First GMUSD budget meeting focuses on gathering info

By Shawn Cunningham
© 2019 Telegraph Publishing, LLC

The Green Mountain Unified School District board – acting as the finance committee – met on Sept. 25 and so began the budgeting process 50 days ahead of last year.

Board and budget priorities after the Finance Committee voted on them. Photos by Shawn Cunningham

The board was meeting as the finance committee to address the complaint that in the past, everything presented to the finance committee would have to be presented again to the full board. The early start was precipitated by overspending by the district and by the Two Rivers Supervisory Union as well as the sense that the budget process is done in too short a time and budgets are often a result of the pressure of making a Town Meeting publishing deadline. Several members have said that they don’t understand the budget and think more time would help them and the public get a better grasp of it.

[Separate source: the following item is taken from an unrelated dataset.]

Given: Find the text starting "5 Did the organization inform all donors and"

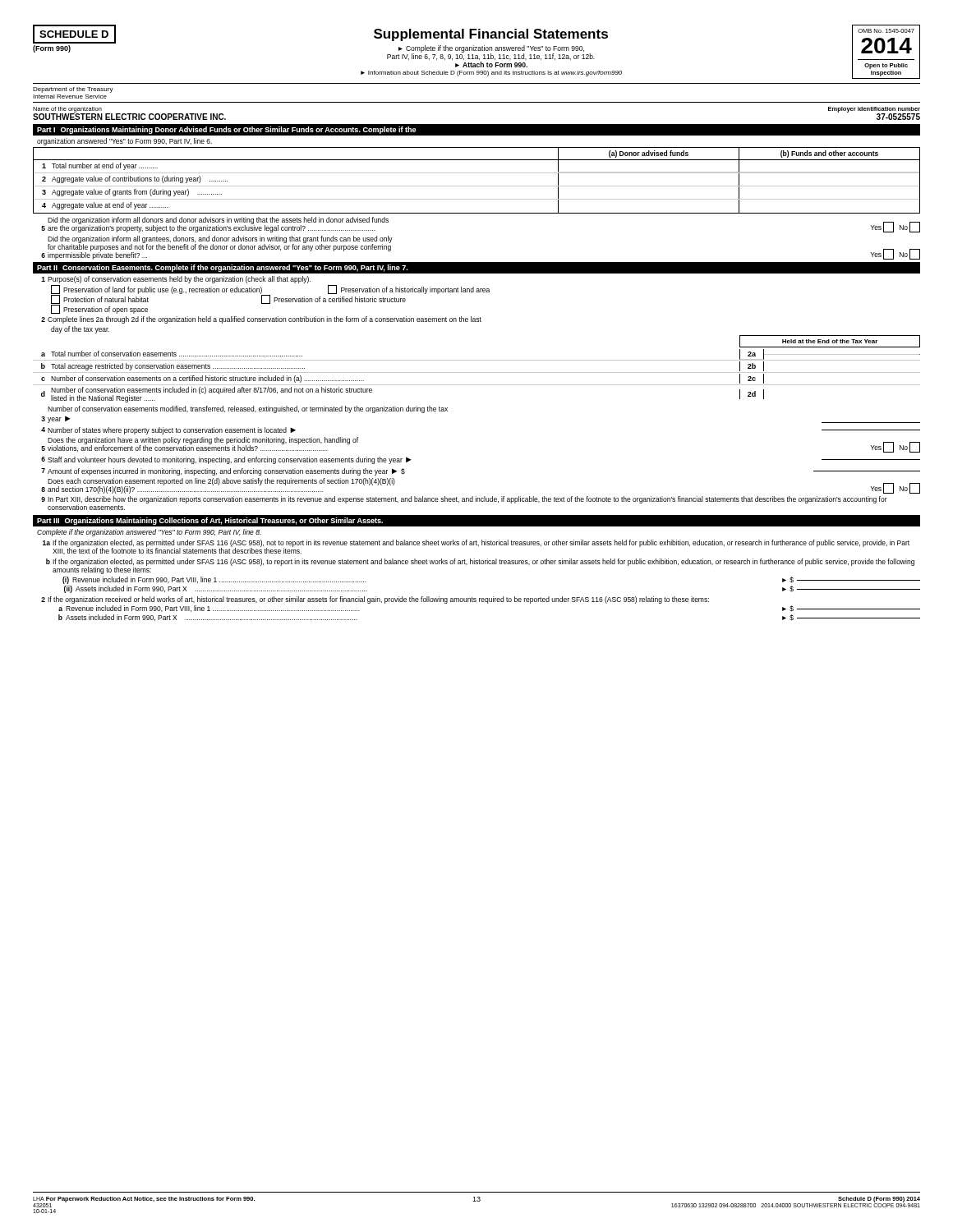Looking at the screenshot, I should click(476, 224).

The meeting followed a retreat held earlier in the month at which the board worked on defining the priorities it would take into the budget process. In fact, the first half hour or so was taken up with finalizing the priorities that the board would set for itself as well as the budget priorities it would direct the administration to use in the 2020-2021 budget and in the future.

Committee member Joe Fromberger argued for working with a simpler, less detailed budget form

Using a list for each set of priorities made at the retreat, each finance committee used five votes allotted per list to see which areas were most important to the committee as a whole. A member could use as many of the five votes on any area he or she wished.

In the end, the group decided that members would work on the board/administration relationship, data and outcomes and fiscal responsibility, while they would direct the administration to put a budgetary emphasis on basic skills (including early literacy), elementary world language and a STEAM program. STEAM stands for science, technology, engineering, arts and mathematics.

Committee member Doug McBride suggests a more detailed look at the past spending to inform budget decisions

The discussion then turned to how the committee would move forward and what items members would request from the administration. Among those was an analysis of spending in the 2018/19 budget. A line-by-line analysis of the budget was rejected by member Joe Fromberger in favor of looking at a more simplified format. But member Doug McBride suggested that the detailed 34-page budget was necessary for members to see not only the overspending but also the under-spending that reduces the deficit.

“If we have a question about detail we can go online and see exactly what it is,” said Fromberger.

Other topics to look at for budgeting was an analysis of maintenance and repair needs, an understanding of where the students stand with basic skills, student-to- staff ratios and personnel needs. In the end, committee chair Deb Brown requested that the administration provide information for the next meeting including:

  • Facilities committee report if available
  • Data on students’ basic skills
  • A list of administration priorities
  • Class sizes and student/teacher ratios
  • Five-year history of budget increases
  • Projections of budgetary changes from the State of Vermont
  • A list of expenses that are mandatory and unavoidable
  • An analysis of 2o18/19 budget discrepancies with color coding

Next meeting

While in recent board meetings members have said that more meetings were necessary to work on the budget, Superintendent Meg Powden said it would take three weeks to compile the information so the next meeting of the finance committee was scheduled for nearly a month later on Oct 22. That meeting will be held at 6 p.m. at Green Mountain High School.